If you get 10 times 60 Hz then it'll be 60 fps displayed. If instead over that time period the measured fps are (8*60+2*30)/10 then the displayed FPS will be 54 fps, at least for that particular one tenth of a second, despite vsync being enabled.

OK, thanks guys. I think I'm probably going to give up on vsyncing, and just set targetFrameRate to 60.

Since you wondered: this is for Mini Micro, which is a programming environment aimed in part at beginners. I don't want them to have to deal with a variable frame rate; I want them to be able to write update loops that look like player.x += 2 and have it work very close to exactly the same on anybody's machine.

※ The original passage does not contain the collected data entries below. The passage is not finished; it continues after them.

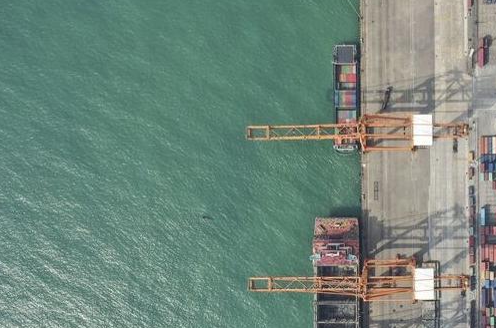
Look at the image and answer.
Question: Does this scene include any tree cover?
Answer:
No
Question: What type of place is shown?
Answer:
port
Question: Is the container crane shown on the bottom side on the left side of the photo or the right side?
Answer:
right
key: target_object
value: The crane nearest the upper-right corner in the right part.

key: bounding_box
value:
[247,112,468,156]
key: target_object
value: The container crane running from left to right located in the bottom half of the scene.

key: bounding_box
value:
[248,252,469,303]
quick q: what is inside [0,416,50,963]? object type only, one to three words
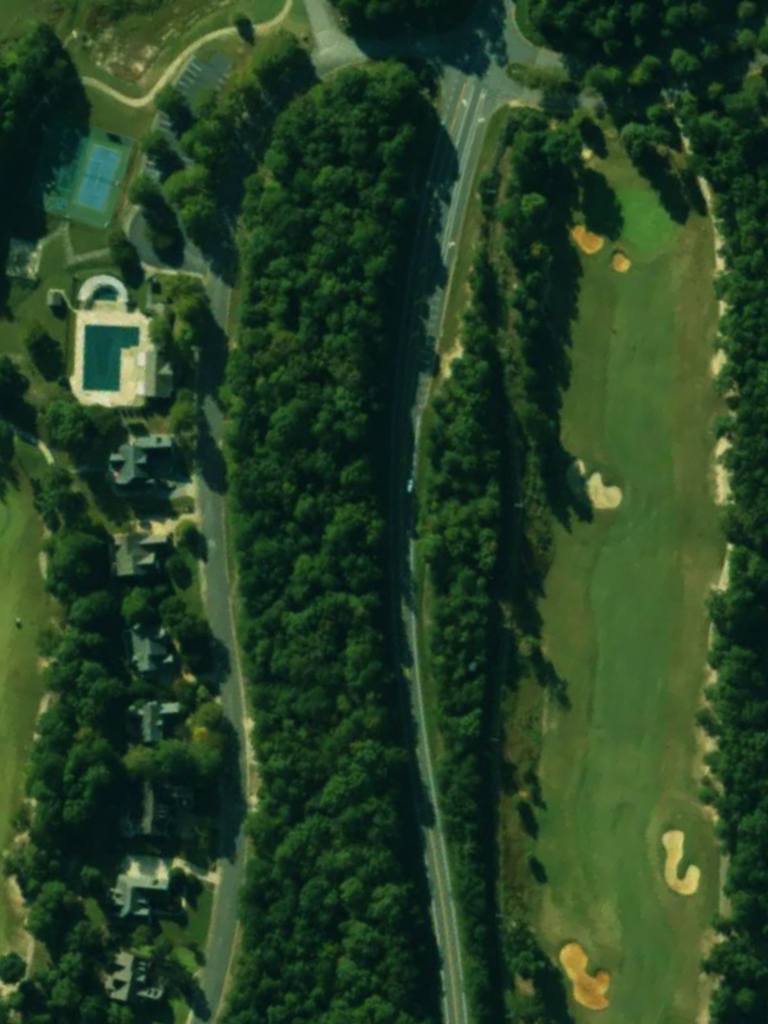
golf course
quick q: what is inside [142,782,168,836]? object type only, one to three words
house
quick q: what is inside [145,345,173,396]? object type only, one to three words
building
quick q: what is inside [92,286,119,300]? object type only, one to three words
swimming pool
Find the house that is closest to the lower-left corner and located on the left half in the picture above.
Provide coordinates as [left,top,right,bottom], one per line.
[103,954,164,1013]
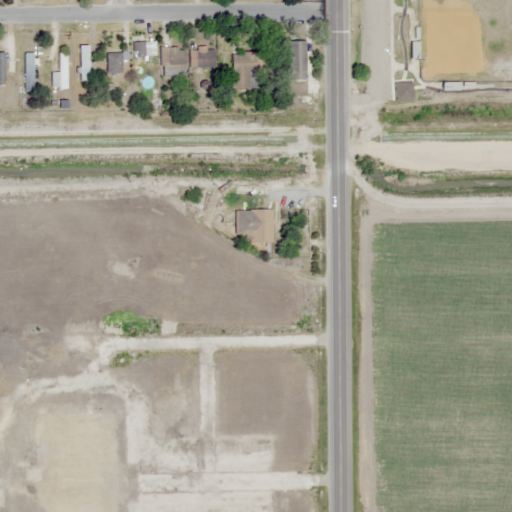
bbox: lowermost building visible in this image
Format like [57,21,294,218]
[236,210,274,243]
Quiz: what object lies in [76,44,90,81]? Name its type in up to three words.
house
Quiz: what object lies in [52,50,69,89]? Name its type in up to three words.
house
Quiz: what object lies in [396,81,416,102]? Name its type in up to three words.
building
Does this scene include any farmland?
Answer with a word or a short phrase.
Yes
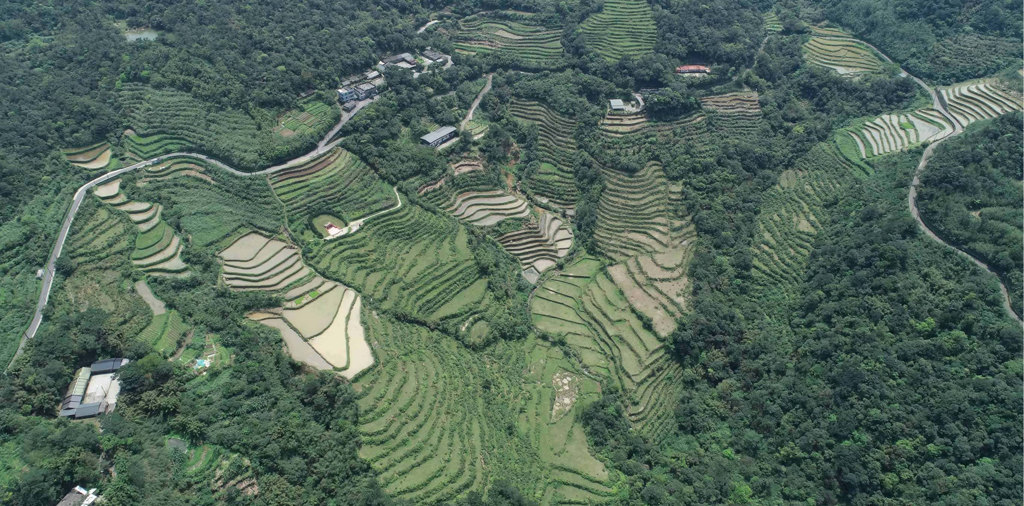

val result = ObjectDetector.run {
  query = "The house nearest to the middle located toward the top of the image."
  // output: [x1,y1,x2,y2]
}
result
[419,124,456,148]
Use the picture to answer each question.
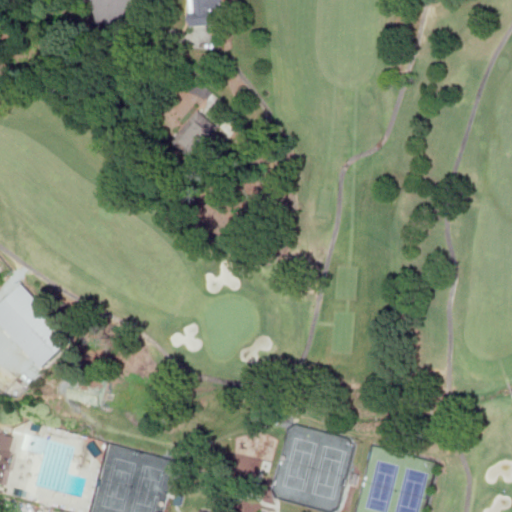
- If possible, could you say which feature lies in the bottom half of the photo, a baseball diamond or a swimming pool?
swimming pool
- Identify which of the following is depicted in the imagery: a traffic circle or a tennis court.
tennis court
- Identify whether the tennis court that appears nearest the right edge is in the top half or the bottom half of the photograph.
bottom
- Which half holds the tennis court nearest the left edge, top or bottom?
bottom
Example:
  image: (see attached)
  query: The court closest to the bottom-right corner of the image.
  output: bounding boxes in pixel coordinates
[392,454,435,512]
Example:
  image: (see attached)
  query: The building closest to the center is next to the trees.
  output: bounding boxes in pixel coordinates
[174,110,214,154]
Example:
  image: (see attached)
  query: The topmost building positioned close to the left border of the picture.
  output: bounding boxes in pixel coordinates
[0,280,58,385]
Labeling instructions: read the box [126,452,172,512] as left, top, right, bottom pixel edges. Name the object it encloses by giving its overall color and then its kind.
gray tennis court
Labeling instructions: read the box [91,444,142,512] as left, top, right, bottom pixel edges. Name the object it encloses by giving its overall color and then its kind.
gray tennis court
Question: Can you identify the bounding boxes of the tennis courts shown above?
[272,426,324,506]
[357,446,406,512]
[126,452,172,512]
[91,444,142,512]
[306,432,353,510]
[392,454,435,512]
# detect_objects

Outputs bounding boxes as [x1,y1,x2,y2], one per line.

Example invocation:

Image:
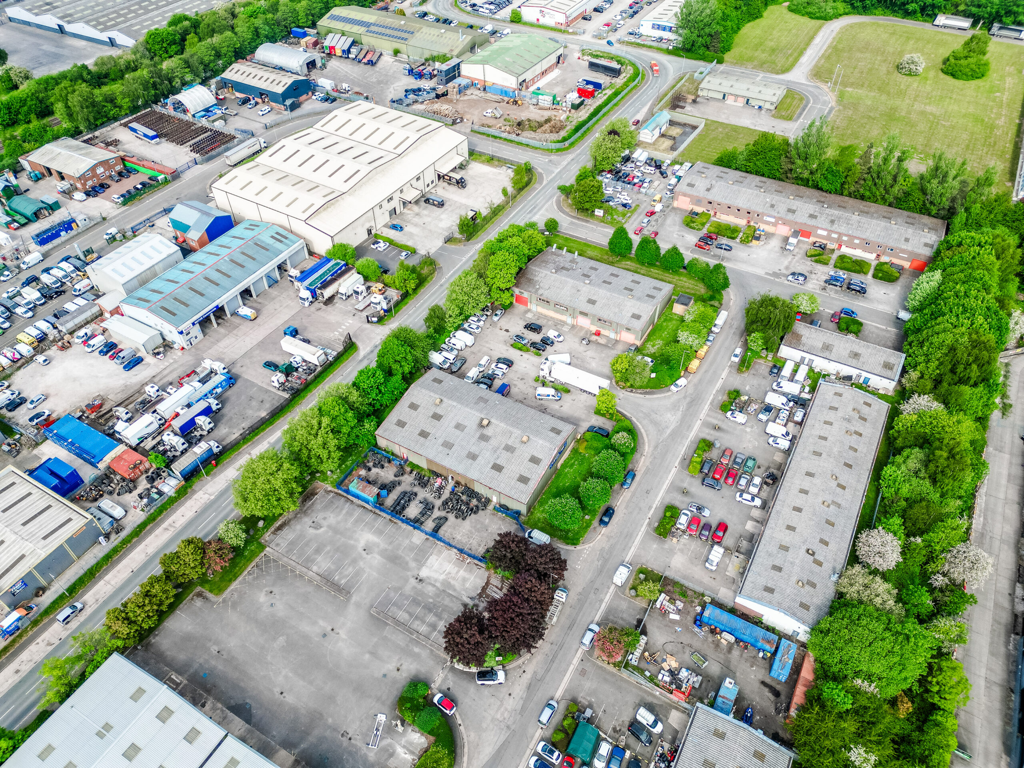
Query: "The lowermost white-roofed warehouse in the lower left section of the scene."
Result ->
[0,649,285,768]
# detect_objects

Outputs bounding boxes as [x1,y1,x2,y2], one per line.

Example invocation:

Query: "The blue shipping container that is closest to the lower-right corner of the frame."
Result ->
[765,636,794,689]
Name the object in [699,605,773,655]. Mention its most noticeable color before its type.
blue shipping container
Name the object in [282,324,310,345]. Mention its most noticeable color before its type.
blue vehicle
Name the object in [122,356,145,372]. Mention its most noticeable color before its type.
blue car
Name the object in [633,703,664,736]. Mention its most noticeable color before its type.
white van
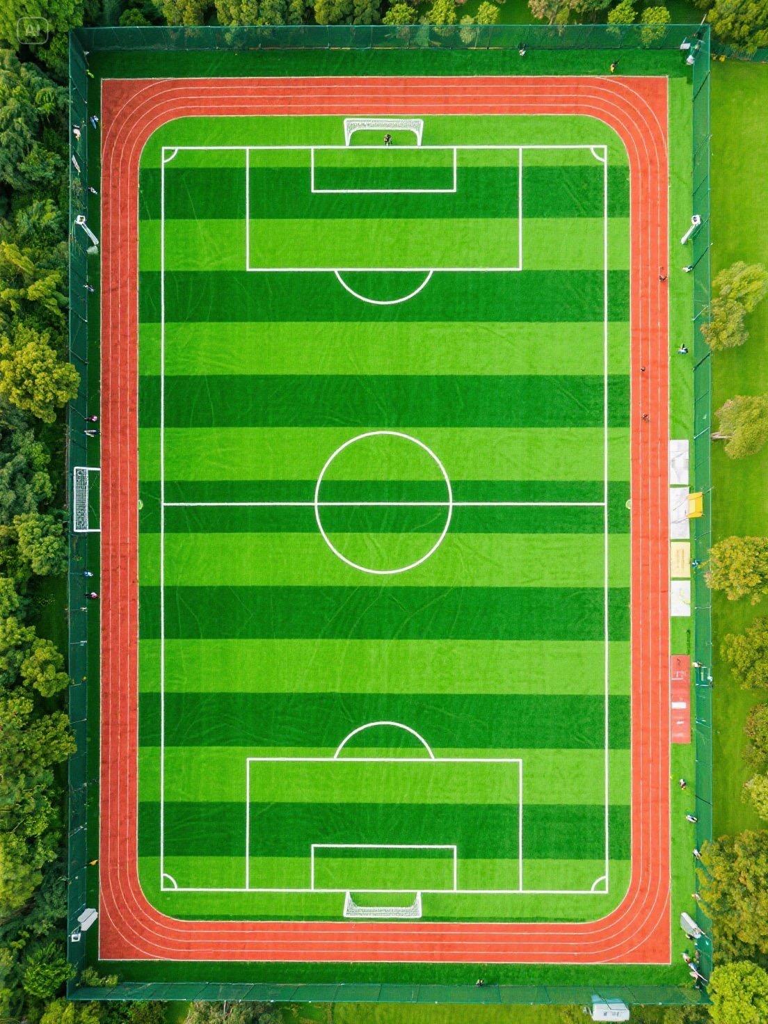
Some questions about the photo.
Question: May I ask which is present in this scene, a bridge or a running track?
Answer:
running track
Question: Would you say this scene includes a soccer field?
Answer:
Yes
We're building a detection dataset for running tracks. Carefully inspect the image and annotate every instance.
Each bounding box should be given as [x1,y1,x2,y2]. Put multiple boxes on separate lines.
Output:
[98,76,671,964]
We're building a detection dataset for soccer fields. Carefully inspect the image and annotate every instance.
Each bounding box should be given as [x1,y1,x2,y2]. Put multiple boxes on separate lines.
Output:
[137,115,630,921]
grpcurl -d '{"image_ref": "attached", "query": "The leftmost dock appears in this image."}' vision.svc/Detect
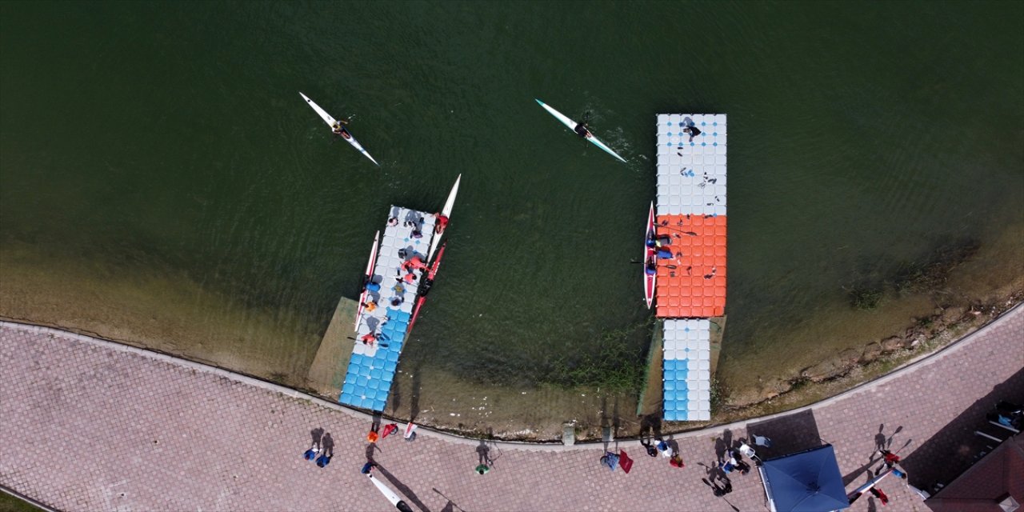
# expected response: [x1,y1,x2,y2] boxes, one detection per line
[339,205,437,413]
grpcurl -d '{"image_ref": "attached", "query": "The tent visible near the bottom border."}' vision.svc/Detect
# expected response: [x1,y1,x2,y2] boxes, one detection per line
[754,436,850,512]
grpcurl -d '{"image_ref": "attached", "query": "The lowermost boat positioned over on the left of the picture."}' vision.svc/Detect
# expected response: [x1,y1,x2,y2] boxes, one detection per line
[369,476,414,512]
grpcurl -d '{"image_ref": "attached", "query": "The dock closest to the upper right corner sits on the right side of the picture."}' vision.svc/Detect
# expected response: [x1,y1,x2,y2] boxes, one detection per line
[656,113,727,318]
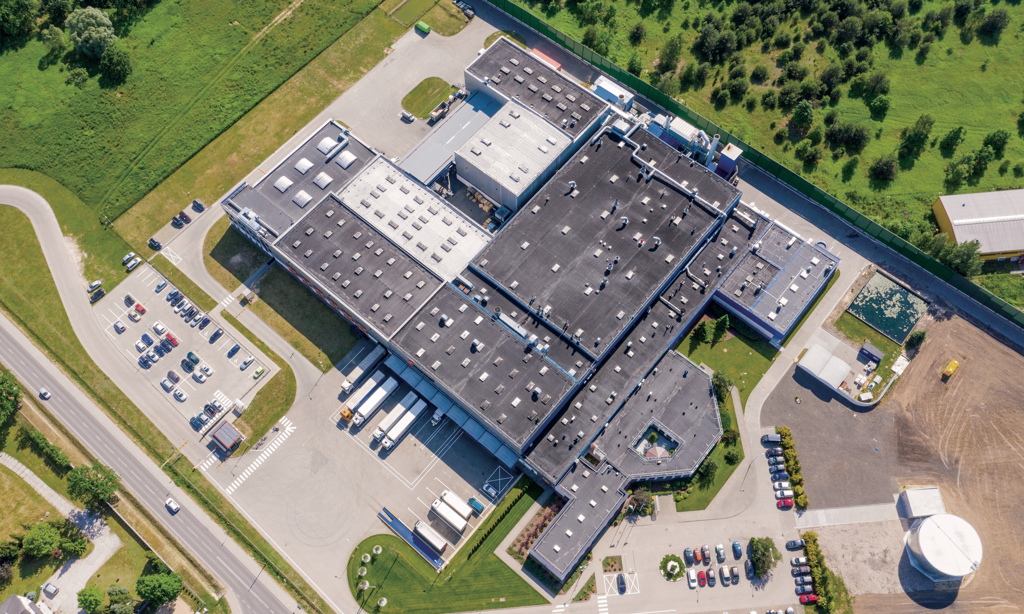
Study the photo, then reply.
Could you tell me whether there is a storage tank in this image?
Yes
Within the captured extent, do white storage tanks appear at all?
Yes
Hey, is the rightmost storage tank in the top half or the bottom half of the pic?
bottom
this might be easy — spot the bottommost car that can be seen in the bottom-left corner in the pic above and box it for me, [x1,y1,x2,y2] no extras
[43,582,60,596]
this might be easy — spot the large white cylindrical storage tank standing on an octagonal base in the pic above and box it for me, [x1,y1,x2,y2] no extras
[905,513,983,585]
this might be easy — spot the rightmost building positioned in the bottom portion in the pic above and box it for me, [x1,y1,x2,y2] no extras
[900,487,947,520]
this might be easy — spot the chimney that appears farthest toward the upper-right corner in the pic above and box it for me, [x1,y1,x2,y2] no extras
[706,134,720,165]
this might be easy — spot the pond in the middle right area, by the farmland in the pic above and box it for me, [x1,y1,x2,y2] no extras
[848,271,929,344]
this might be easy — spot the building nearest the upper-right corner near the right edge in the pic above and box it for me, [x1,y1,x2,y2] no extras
[932,189,1024,261]
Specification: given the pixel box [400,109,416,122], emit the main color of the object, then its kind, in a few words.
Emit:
gray vehicle
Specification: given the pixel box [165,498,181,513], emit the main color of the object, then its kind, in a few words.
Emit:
white car
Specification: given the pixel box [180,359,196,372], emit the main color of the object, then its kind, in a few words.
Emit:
black vehicle
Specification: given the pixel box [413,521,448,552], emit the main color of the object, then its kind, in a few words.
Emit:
white truck
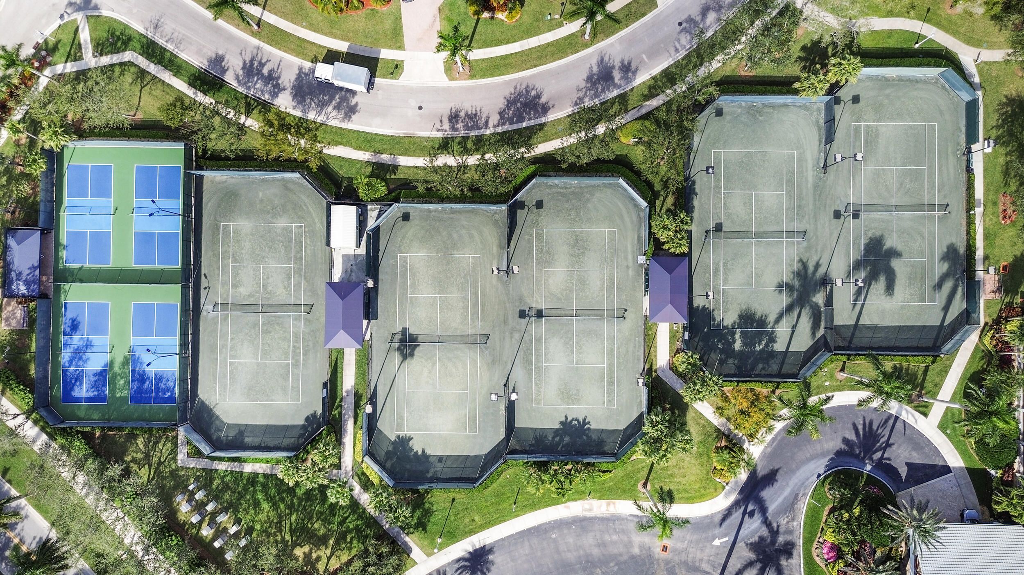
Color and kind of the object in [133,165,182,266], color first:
blue sports court
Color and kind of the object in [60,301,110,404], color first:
blue sports court
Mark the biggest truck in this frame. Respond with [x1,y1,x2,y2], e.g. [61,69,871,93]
[316,60,376,92]
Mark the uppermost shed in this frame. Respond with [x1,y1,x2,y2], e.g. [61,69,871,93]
[330,205,361,251]
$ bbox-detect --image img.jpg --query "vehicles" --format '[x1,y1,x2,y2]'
[962,509,983,523]
[316,60,376,92]
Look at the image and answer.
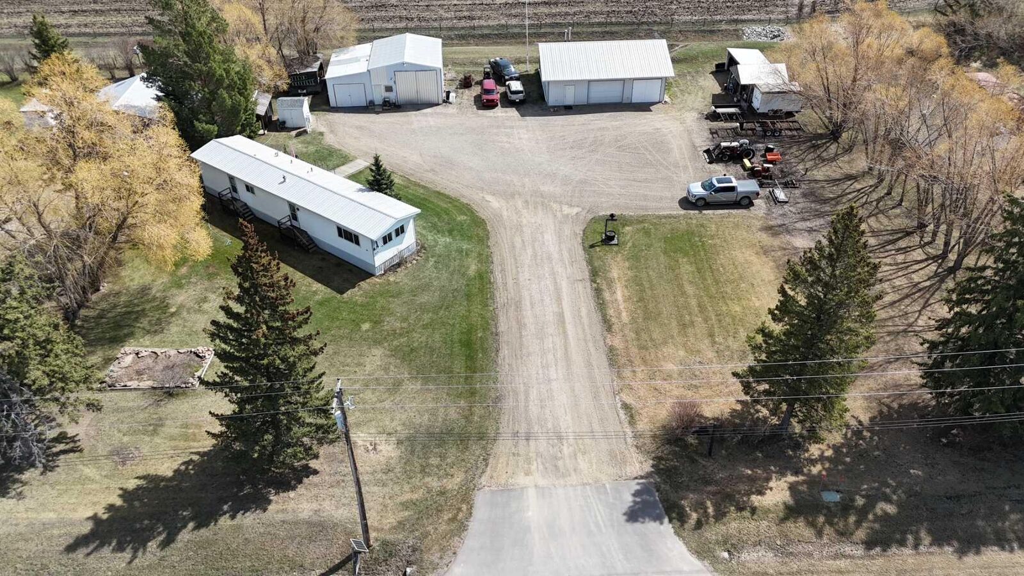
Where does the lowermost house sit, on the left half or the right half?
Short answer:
left
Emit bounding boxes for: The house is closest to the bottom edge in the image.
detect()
[188,138,421,275]
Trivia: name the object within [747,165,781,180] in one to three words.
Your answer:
work vehicle
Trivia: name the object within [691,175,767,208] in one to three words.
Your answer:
truck
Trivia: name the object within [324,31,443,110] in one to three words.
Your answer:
building
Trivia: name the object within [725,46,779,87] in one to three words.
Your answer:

Mini Micro already includes some action games (Platform Demo, Flappy Bat, Mochi Bounce, etc.), and we've also made some additional animation programs specifically to try to cause visible tearing. So we're going to see how much a fixed 60fps update loop causes a problem in practice. But if it's acceptable, then we'll go with it, because trying to use vsync and still get close to 60 fps just looks too risky.

targetFrameRate is a suggestion at best too. There are several scenarios where it will get ignored.

Why don't you implement some kind of interpolation mechanism instead, rather than passing the value directly into the engine/transform component? That's how Rigidbodies are able to work on any kind of frame rate despite the fact that they update at fixed time step.